It’s an amazing example of how, when we choose to just show up, stand up, and be present, no matter how insignificant you feel or whether the cultural and financial odds are stacked against you, amazing things can happen.

“For a long time, there was no conversation about women in coffee. But I think Lesley was telling me some 75 percent of coffee-making is done by women. I just think the community of coffee and how the women’s movement conversation can be threaded into it is really exciting and surprising.”

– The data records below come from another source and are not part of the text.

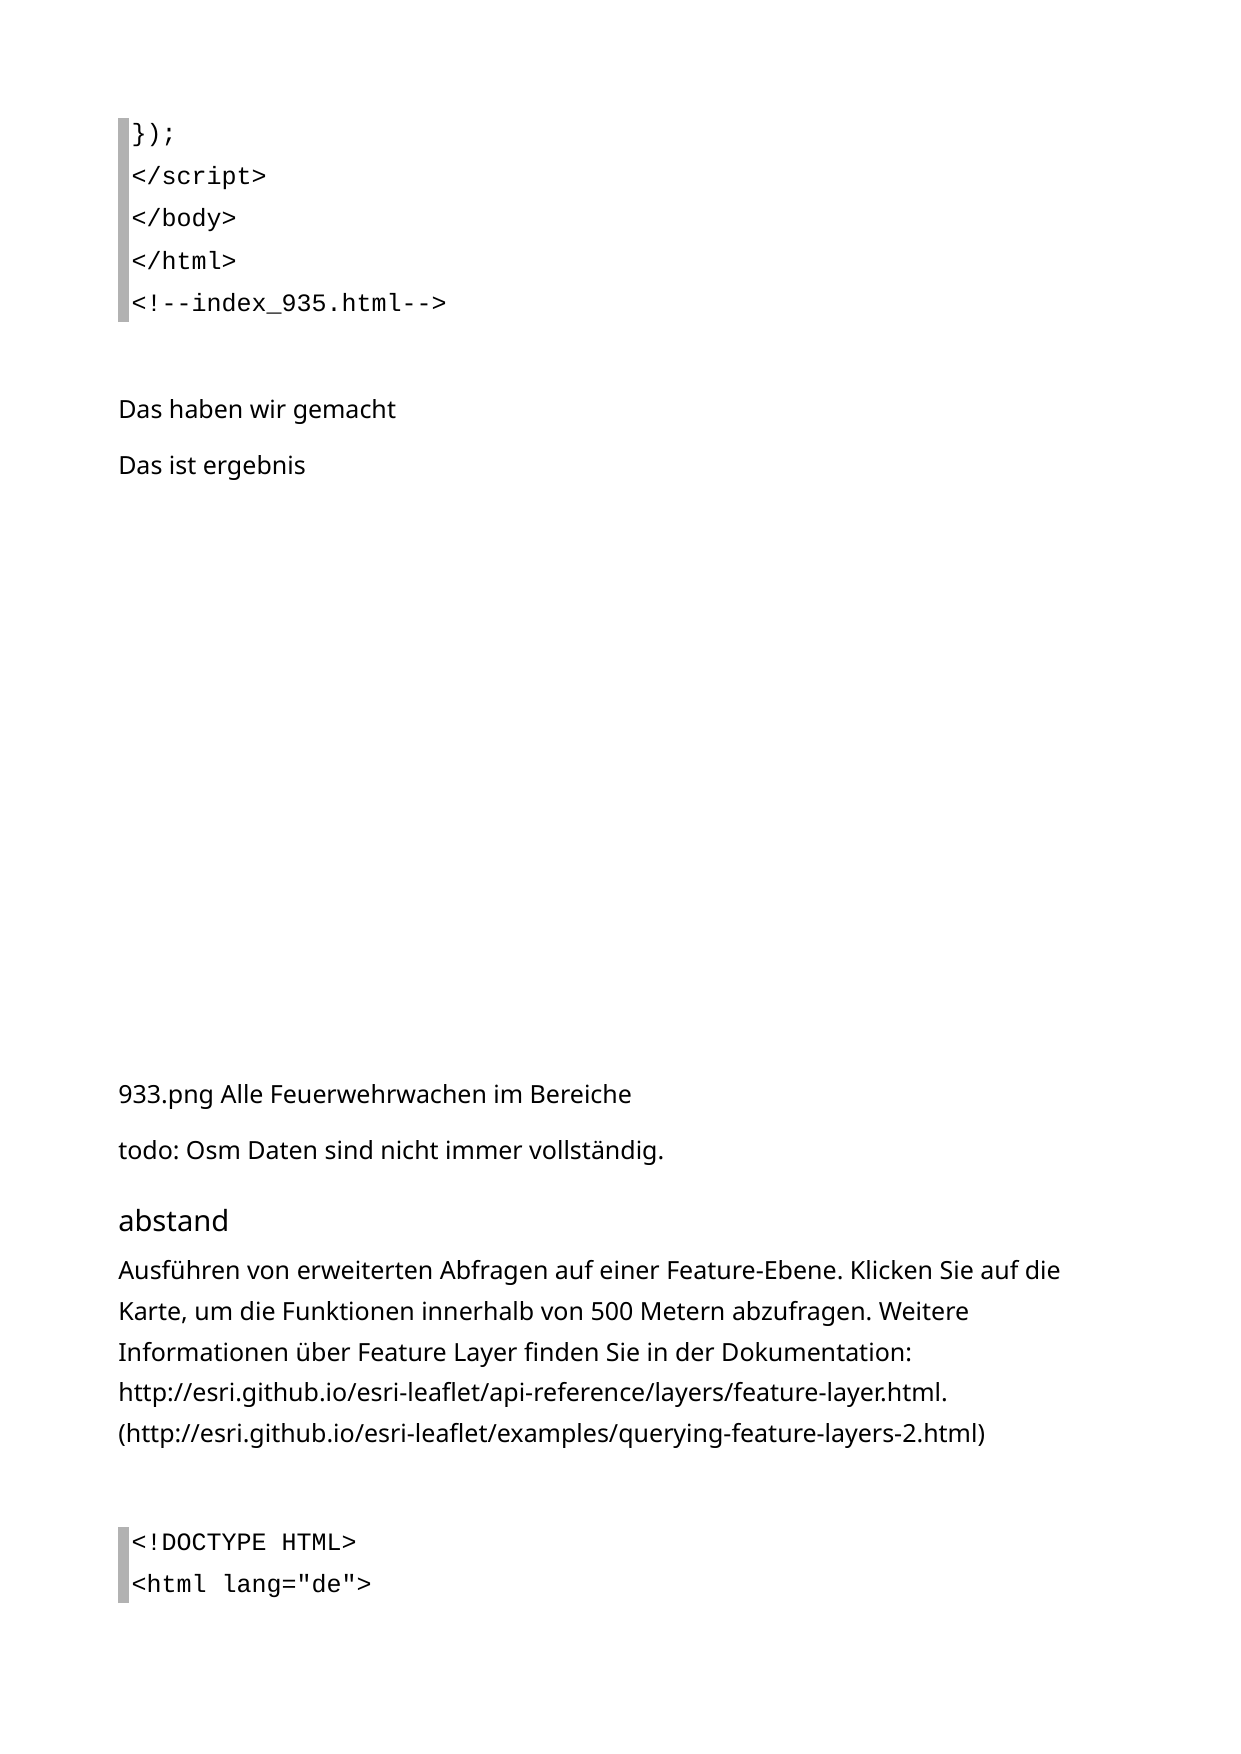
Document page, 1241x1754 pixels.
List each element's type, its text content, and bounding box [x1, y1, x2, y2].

text todo: Osm Daten sind nicht immer vollständig. [118, 1132, 1122, 1166]
text <html lang="de"> [129, 1569, 1122, 1603]
text <!--index_935.html--> [129, 288, 1122, 322]
text Das haben wir gemacht [118, 392, 1122, 426]
text Ausführen von erweiterten Abfragen auf einer Feature-Ebene. Klicken Sie auf die Karte, um die Funktionen innerhalb von 500 Metern abzufragen. Weitere Informationen über Feature Layer finden Sie in der Dokumentation: http://esri.github.io/esri-leaflet/api-reference/layers/feature-layer.html. (http://esri.github.io/esri-leaflet/examples/querying-feature-layers-2.html) [118, 1252, 1122, 1450]
text Das ist ergebnis [118, 447, 1122, 481]
text }); [129, 118, 1122, 149]
subtitle abstand [118, 1200, 1122, 1240]
text <!DOCTYPE HTML> [129, 1527, 1122, 1558]
text </script> [129, 161, 1122, 192]
text </html> [129, 246, 1122, 277]
text 933.png Alle Feuerwehrwachen im Bereiche [118, 1077, 1122, 1111]
text </body> [129, 203, 1122, 234]
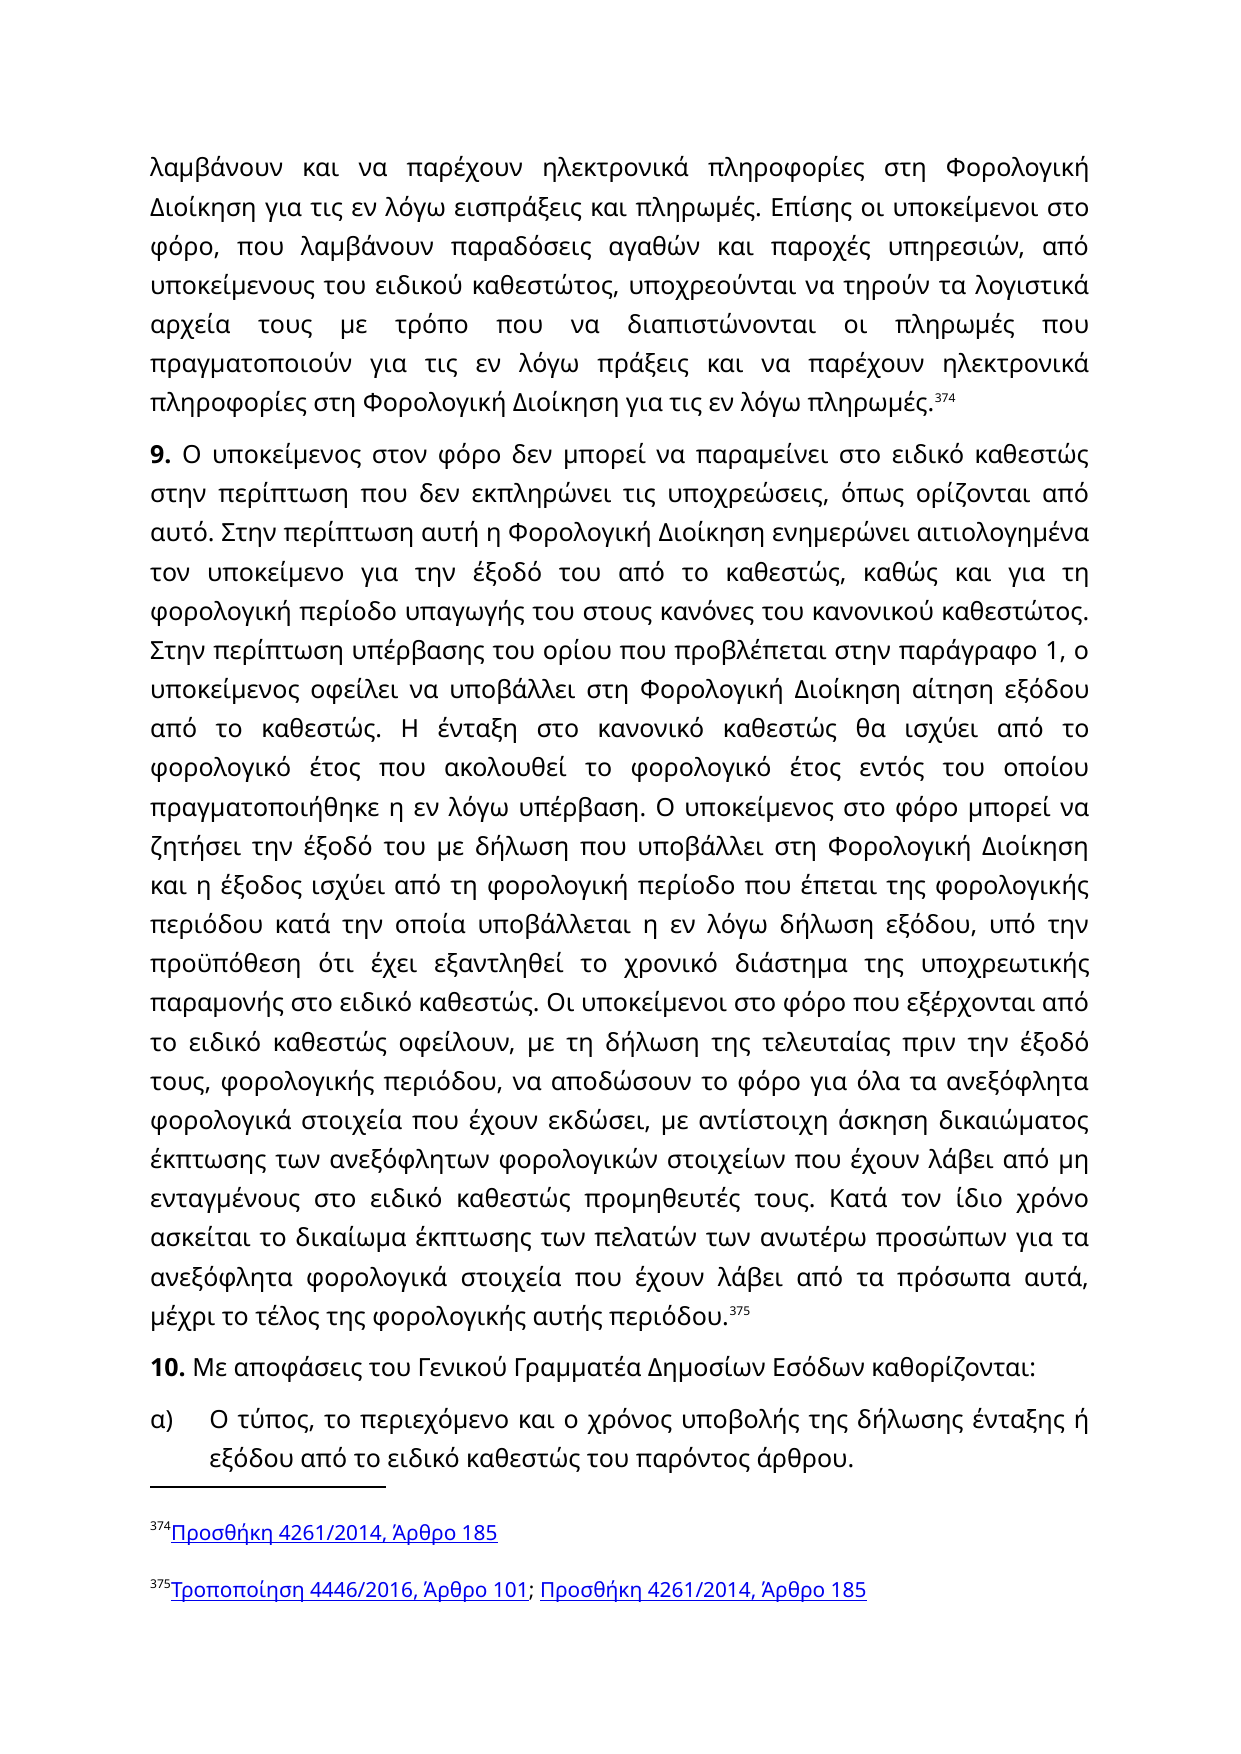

The International Women’s Coffee Alliance states that out of the estimated 1 billion poor people in the world, 70% are women, and women own less than 1% of the world’s titled land. But within these shockingly imbalanced statistics, the Costa Rican female coffee growers are taking their situation and turning it into an opportunity for financial freedom.

“The World Bank estimates that more than 500 million people throughout the world are dependent on coffee for their livelihoods, and of that number, 25 million are coffee farmers,” says the Int’l Women’s Coffee Alliance. “Women, who represent a good majority of coffee farmers, face additional challenges,” accoring to the International Women’s Coffee Alliance. “Aside from the day-to-day struggles women coffee farmers face in order to maintain a respectable standard of living, they also struggle with the gender inequality prevalent throughout the world’s coffee growing regions.”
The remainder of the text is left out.